Saturday, 6 August 2022

Saturday excitement from Barry Gray and Stingray

I've previously posted concerning the excellent TV themes of Barry Gray, especially for Gerry Anderson's shows. 

In my occasional series of 'music on Saturdays'; here's a reprise of the Stingray theme in a terrific version for concert band. It looks as if they are having a great time:


5 comments:

Ron Tomlinson said...

Very good!

I recently re-discovered this theme by Peter Howell:

https://www.youtube.com/watch?v=-pf1DBaHs7M

Amazingly, it didn't have its own sci-fi show (though it deserved one, don't you think?), being used merely for a Horizon programme in 1977 and a few other bits and pieces.

Bruce Charlton said...

@RT - Yes, that's a good theme - to me, it conjures up a feeling of espionage.

a_probst said...

As a kid I would have thought this the best way to hear the Stingray theme, as it was the most embarrassing of Gerry Anderson's show openings for the youngest child in a family to watch within earshot of parents and sci-fi disinclined older siblings, Torchy the Battery Boy not having been distributed in my neck of the woods.

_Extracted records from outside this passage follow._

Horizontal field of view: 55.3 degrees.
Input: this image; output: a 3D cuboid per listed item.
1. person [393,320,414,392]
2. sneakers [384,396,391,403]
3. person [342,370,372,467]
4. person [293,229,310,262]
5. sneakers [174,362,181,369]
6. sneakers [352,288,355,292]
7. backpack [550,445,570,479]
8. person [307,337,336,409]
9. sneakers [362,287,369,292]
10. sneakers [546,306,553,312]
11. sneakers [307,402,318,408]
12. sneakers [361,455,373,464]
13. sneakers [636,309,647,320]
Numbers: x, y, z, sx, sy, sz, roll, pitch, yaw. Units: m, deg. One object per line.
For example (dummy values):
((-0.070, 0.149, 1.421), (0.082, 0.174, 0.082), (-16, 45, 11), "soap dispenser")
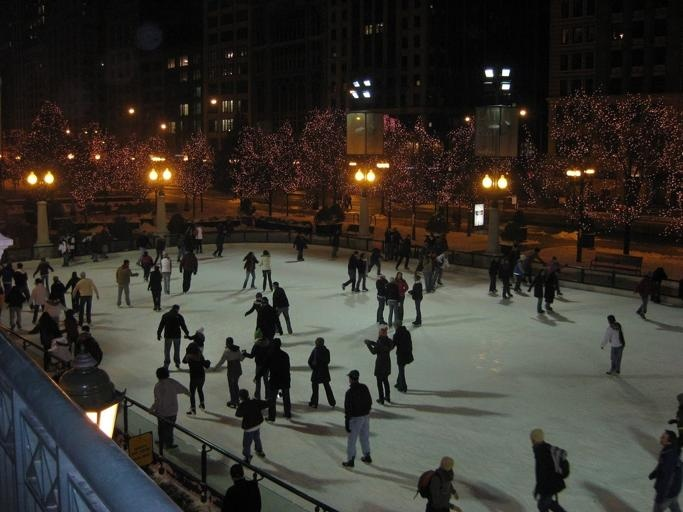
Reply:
((1.591, 2.542, 16.773), (0.491, 1.929, 1.591), (2, 5, 5), "person")
((1.170, 3.578, 16.182), (0.160, 0.262, 0.133), (-1, 1, 12), "sneakers")
((0.340, 3.279, 13.208), (0.560, 1.968, 0.695), (3, 5, 19), "person")
((-2.291, -0.541, 37.820), (0.851, 2.752, 1.029), (-6, 22, -7), "person")
((-4.591, 3.097, 18.351), (0.164, 0.204, 0.171), (-4, 11, -21), "sneakers")
((0.541, 1.464, 27.939), (0.086, 0.120, 0.157), (4, -6, -38), "sneakers")
((3.677, 3.479, 11.054), (0.376, 0.545, 0.188), (19, -38, -37), "backpack")
((-0.443, 2.710, 15.467), (0.641, 1.802, 0.478), (0, 18, 1), "person")
((1.057, 1.425, 28.336), (0.240, 0.206, 0.363), (1, 5, -2), "sneakers")
((7.938, 2.024, 24.800), (0.218, 0.188, 0.301), (17, 4, 41), "sneakers")
((-0.698, 3.620, 15.904), (0.087, 0.197, 0.261), (-5, 5, -41), "sneakers")
((0.534, 4.148, 13.374), (0.185, 0.158, 0.118), (5, 8, 28), "sneakers")
((11.082, 2.167, 23.989), (0.225, 0.130, 0.326), (25, 12, -19), "sneakers")

But that was only the most embarrassing of Anderson's. The absolute distinction must go to the openings of American versions of the Japanese anime shows Astro Boy and Prince Planet.

Bruce Charlton said...

@ap - I don't get it. I was very excited, not at all embarrassed! But maybe I was/am younger than you.

a_probst said...

Or your TV wasn't in a living room un-doored from the dining room and the kitchen. Maybe you were allowed to be a kid.

I often rode the volume control because my mother was disturbed by screams and yells (I didn't like them because they were cheap dramatics but I could suffer them). She and Mary Whitehouse would have seen eye-to-eye there. My mother, at core, really didn't care for fiction even in her reading.

As a former musician, she liked what she overheard from the kitchen of Alexander Courage's background scores for Star Trek. She commented once on the dullness of the score of one of Irwin Allen's Voyage to the Bottom of the Sea episodes. Can't say I disagreed but if I knew then what I learned later, I would have played her a recording of Sibelius' 4th Symphony, first movement, to show her that the style was grounded in modern Romanticism.